48                  In or about February 2001, Mr Knight had a conversation with Dr Christopher Baggoley (Dr Baggoley),the then Consultant Medical Director at ACHA, in Dr Baggoley's office at Ashford.  Dr Baggoley was a member of the Medical Advisory Committee (MAC) at Ashford which considered applications for accreditation.  In that conversation, Mr Knight said words to the effect that Mr Jurisevic should not be extended accreditation by ACHA as it would be unsafe for patients if Mr Jurisevic operated independently because he was not ready; and that Mr Jurisevic required further supervision before becoming an independent surgeon.
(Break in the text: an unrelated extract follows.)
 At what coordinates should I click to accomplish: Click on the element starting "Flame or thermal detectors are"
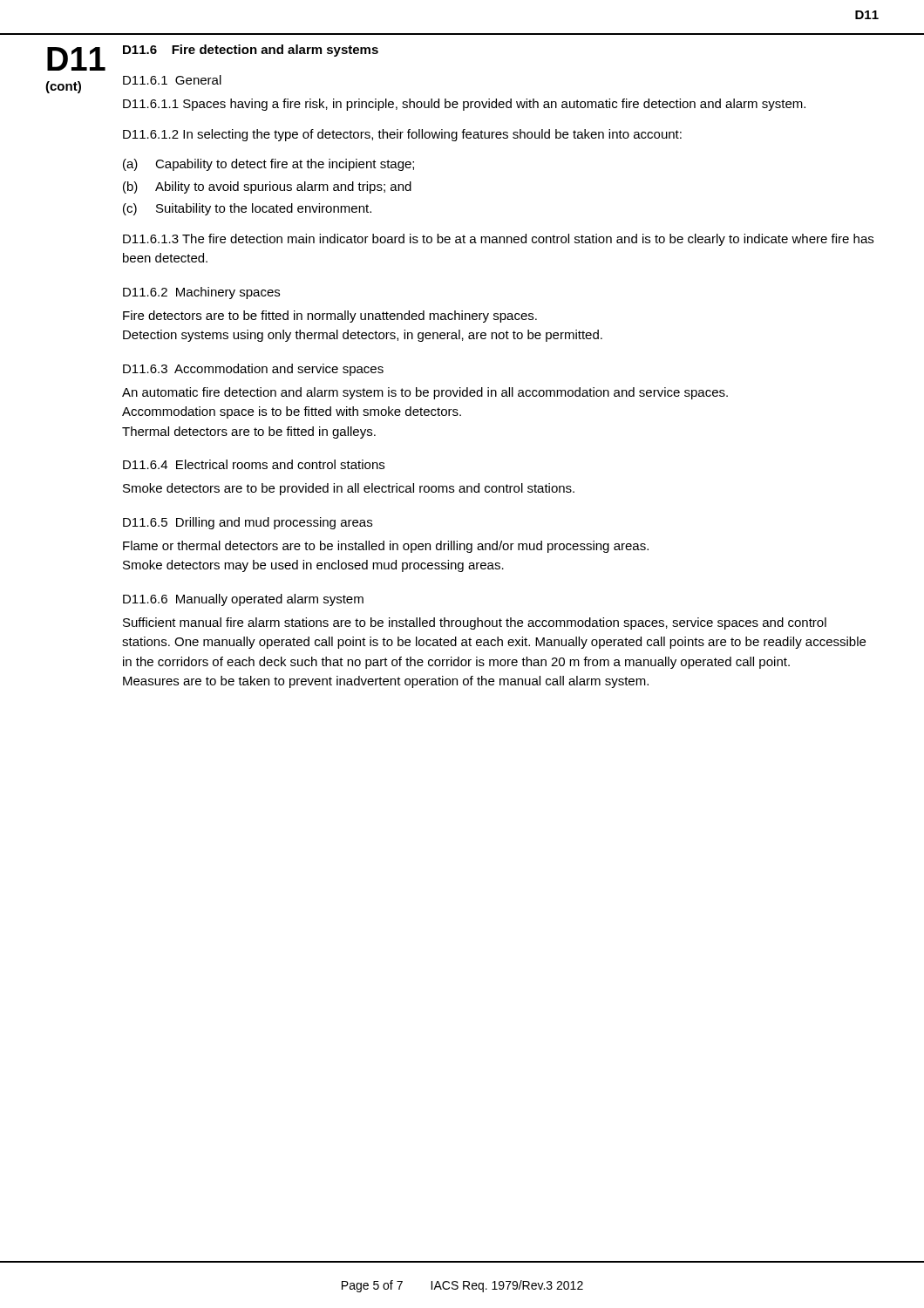(386, 555)

49                  In or about February 2001, Mr Ross also had a conversation with Dr Baggoley in Dr Baggoley's office at Ashford in which he said words to the effect that Mr Jurisevic should not be extended accreditation by ACHA as it would be unsafe for patients if Mr Jurisevic operated independently because he was not ready; and that Mr Jurisevic required further supervision before becoming an independent surgeon;

50                  Then, in or about mid-February 2001, Mr Knight had a conversation with Mr Craddock in which he said words to the effect that Mr Jurisevic had not finished his training.

51                  By letter dated 20 February 2001, Mr Ross replied in writing to a query from Dr Andrew Sutherland, Chief (Medical), Division of Paediatric Surgery at the Women's & Children's Hospital in Adelaide where Mr Morris Peacock, a cardiothoracic surgeon who exclusively provided thoracic surgical services, had requested that Mr Jurisevic be extended accreditation.  The letter included statements to the effect that Messrs Knight and Ross considered that Mr Jurisevic was very undertrained to provide thoracic surgical services at the Women's & Children's Hospital; that they had grave reservations about Mr Jurisevic going into private practice; and that they felt that it would be entirely inappropriate to have Mr Jurisevic hold any sort of position at the Women's & Children's Hospital.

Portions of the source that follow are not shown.